[WHAT IS EXPECTED]:
Leave the pictures out. Return all other data exactly.

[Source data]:
● ● ● ● ●
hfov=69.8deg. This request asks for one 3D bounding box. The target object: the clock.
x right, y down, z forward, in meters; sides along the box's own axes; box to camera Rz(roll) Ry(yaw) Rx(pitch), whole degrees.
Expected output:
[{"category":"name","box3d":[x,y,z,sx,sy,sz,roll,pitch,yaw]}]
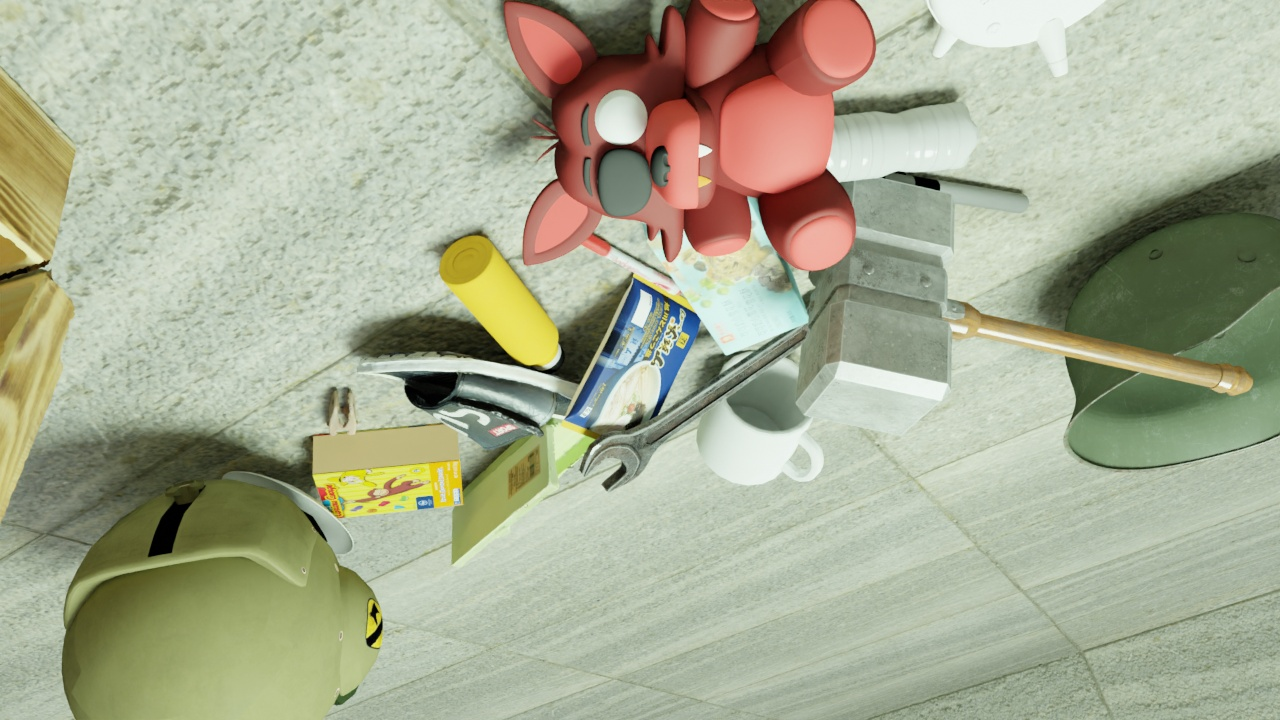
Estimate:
[{"category":"clock","box3d":[0.206,-0.228,0.480,0.125,0.072,0.161,-20,146,12]}]

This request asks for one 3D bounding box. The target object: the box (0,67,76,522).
[{"category":"box","box3d":[-0.438,-0.001,0.380,0.279,0.335,0.287,-16,148,2]}]

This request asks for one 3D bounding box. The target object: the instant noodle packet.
[{"category":"instant noodle packet","box3d":[-0.005,0.004,0.739,0.087,0.026,0.134,26,90,-43]}]

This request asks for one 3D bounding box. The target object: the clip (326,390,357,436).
[{"category":"clip","box3d":[-0.251,0.048,0.782,0.061,0.025,0.049,-32,143,29]}]

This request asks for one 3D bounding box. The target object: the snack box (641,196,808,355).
[{"category":"snack box","box3d":[0.064,-0.074,0.680,0.075,0.053,0.174,-21,144,14]}]

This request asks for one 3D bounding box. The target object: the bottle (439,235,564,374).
[{"category":"bottle","box3d":[-0.098,-0.035,0.692,0.043,0.043,0.144,-19,146,10]}]

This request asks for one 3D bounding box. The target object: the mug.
[{"category":"mug","box3d":[0.116,0.063,0.839,0.090,0.121,0.090,-37,158,-31]}]

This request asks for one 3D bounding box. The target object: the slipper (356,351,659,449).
[{"category":"slipper","box3d":[-0.102,0.043,0.759,0.263,0.063,0.111,13,168,-37]}]

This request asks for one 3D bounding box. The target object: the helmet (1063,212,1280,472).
[{"category":"helmet","box3d":[0.475,-0.034,0.779,0.269,0.153,0.226,-31,139,33]}]

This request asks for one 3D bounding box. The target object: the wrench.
[{"category":"wrench","box3d":[0.067,0.023,0.764,0.273,0.010,0.070,-33,140,-12]}]

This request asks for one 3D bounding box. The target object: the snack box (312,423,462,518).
[{"category":"snack box","box3d":[-0.232,0.103,0.853,0.125,0.040,0.088,-5,146,-12]}]

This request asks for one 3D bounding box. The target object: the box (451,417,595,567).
[{"category":"box","box3d":[-0.109,0.129,0.898,0.082,0.097,0.188,16,140,-35]}]

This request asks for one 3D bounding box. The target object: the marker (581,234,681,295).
[{"category":"marker","box3d":[-0.017,-0.077,0.685,0.013,0.012,0.142,-35,141,29]}]

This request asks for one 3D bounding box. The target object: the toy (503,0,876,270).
[{"category":"toy","box3d":[0.026,-0.129,0.531,0.197,0.120,0.159,-4,120,-5]}]

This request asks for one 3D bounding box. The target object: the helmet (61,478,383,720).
[{"category":"helmet","box3d":[-0.351,0.213,0.764,0.250,0.255,0.233,-10,149,-7]}]

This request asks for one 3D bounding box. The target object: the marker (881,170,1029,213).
[{"category":"marker","box3d":[0.235,-0.126,0.691,0.140,0.016,0.016,3,143,-23]}]

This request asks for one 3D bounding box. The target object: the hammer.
[{"category":"hammer","box3d":[0.279,-0.016,0.646,0.317,0.162,0.083,12,154,-3]}]

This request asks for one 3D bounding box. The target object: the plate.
[{"category":"plate","box3d":[-0.327,0.140,0.859,0.134,0.011,0.135,16,143,12]}]

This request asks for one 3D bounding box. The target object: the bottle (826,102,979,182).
[{"category":"bottle","box3d":[0.154,-0.144,0.613,0.136,0.044,0.044,-8,146,-7]}]
● ● ● ● ●
[ANSWER SPACE]:
hfov=69.8deg. This request asks for one 3D bounding box. The target object: the clock.
x right, y down, z forward, in meters; sides along the box's own axes; box to camera Rz(roll) Ry(yaw) Rx(pitch), whole degrees.
Expected output:
[{"category":"name","box3d":[x,y,z,sx,sy,sz,roll,pitch,yaw]}]
Estimate:
[{"category":"clock","box3d":[0.206,-0.228,0.480,0.125,0.072,0.161,-20,146,12]}]

This request asks for one 3D bounding box. The target object: the box (0,67,76,522).
[{"category":"box","box3d":[-0.438,-0.001,0.380,0.279,0.335,0.287,-16,148,2]}]

This request asks for one 3D bounding box. The target object: the instant noodle packet.
[{"category":"instant noodle packet","box3d":[-0.005,0.004,0.739,0.087,0.026,0.134,26,90,-43]}]

This request asks for one 3D bounding box. The target object: the clip (326,390,357,436).
[{"category":"clip","box3d":[-0.251,0.048,0.782,0.061,0.025,0.049,-32,143,29]}]

This request asks for one 3D bounding box. The target object: the snack box (641,196,808,355).
[{"category":"snack box","box3d":[0.064,-0.074,0.680,0.075,0.053,0.174,-21,144,14]}]

This request asks for one 3D bounding box. The target object: the bottle (439,235,564,374).
[{"category":"bottle","box3d":[-0.098,-0.035,0.692,0.043,0.043,0.144,-19,146,10]}]

This request asks for one 3D bounding box. The target object: the mug.
[{"category":"mug","box3d":[0.116,0.063,0.839,0.090,0.121,0.090,-37,158,-31]}]

This request asks for one 3D bounding box. The target object: the slipper (356,351,659,449).
[{"category":"slipper","box3d":[-0.102,0.043,0.759,0.263,0.063,0.111,13,168,-37]}]

This request asks for one 3D bounding box. The target object: the helmet (1063,212,1280,472).
[{"category":"helmet","box3d":[0.475,-0.034,0.779,0.269,0.153,0.226,-31,139,33]}]

This request asks for one 3D bounding box. The target object: the wrench.
[{"category":"wrench","box3d":[0.067,0.023,0.764,0.273,0.010,0.070,-33,140,-12]}]

This request asks for one 3D bounding box. The target object: the snack box (312,423,462,518).
[{"category":"snack box","box3d":[-0.232,0.103,0.853,0.125,0.040,0.088,-5,146,-12]}]

This request asks for one 3D bounding box. The target object: the box (451,417,595,567).
[{"category":"box","box3d":[-0.109,0.129,0.898,0.082,0.097,0.188,16,140,-35]}]

This request asks for one 3D bounding box. The target object: the marker (581,234,681,295).
[{"category":"marker","box3d":[-0.017,-0.077,0.685,0.013,0.012,0.142,-35,141,29]}]

This request asks for one 3D bounding box. The target object: the toy (503,0,876,270).
[{"category":"toy","box3d":[0.026,-0.129,0.531,0.197,0.120,0.159,-4,120,-5]}]

This request asks for one 3D bounding box. The target object: the helmet (61,478,383,720).
[{"category":"helmet","box3d":[-0.351,0.213,0.764,0.250,0.255,0.233,-10,149,-7]}]

This request asks for one 3D bounding box. The target object: the marker (881,170,1029,213).
[{"category":"marker","box3d":[0.235,-0.126,0.691,0.140,0.016,0.016,3,143,-23]}]

This request asks for one 3D bounding box. The target object: the hammer.
[{"category":"hammer","box3d":[0.279,-0.016,0.646,0.317,0.162,0.083,12,154,-3]}]

This request asks for one 3D bounding box. The target object: the plate.
[{"category":"plate","box3d":[-0.327,0.140,0.859,0.134,0.011,0.135,16,143,12]}]

This request asks for one 3D bounding box. The target object: the bottle (826,102,979,182).
[{"category":"bottle","box3d":[0.154,-0.144,0.613,0.136,0.044,0.044,-8,146,-7]}]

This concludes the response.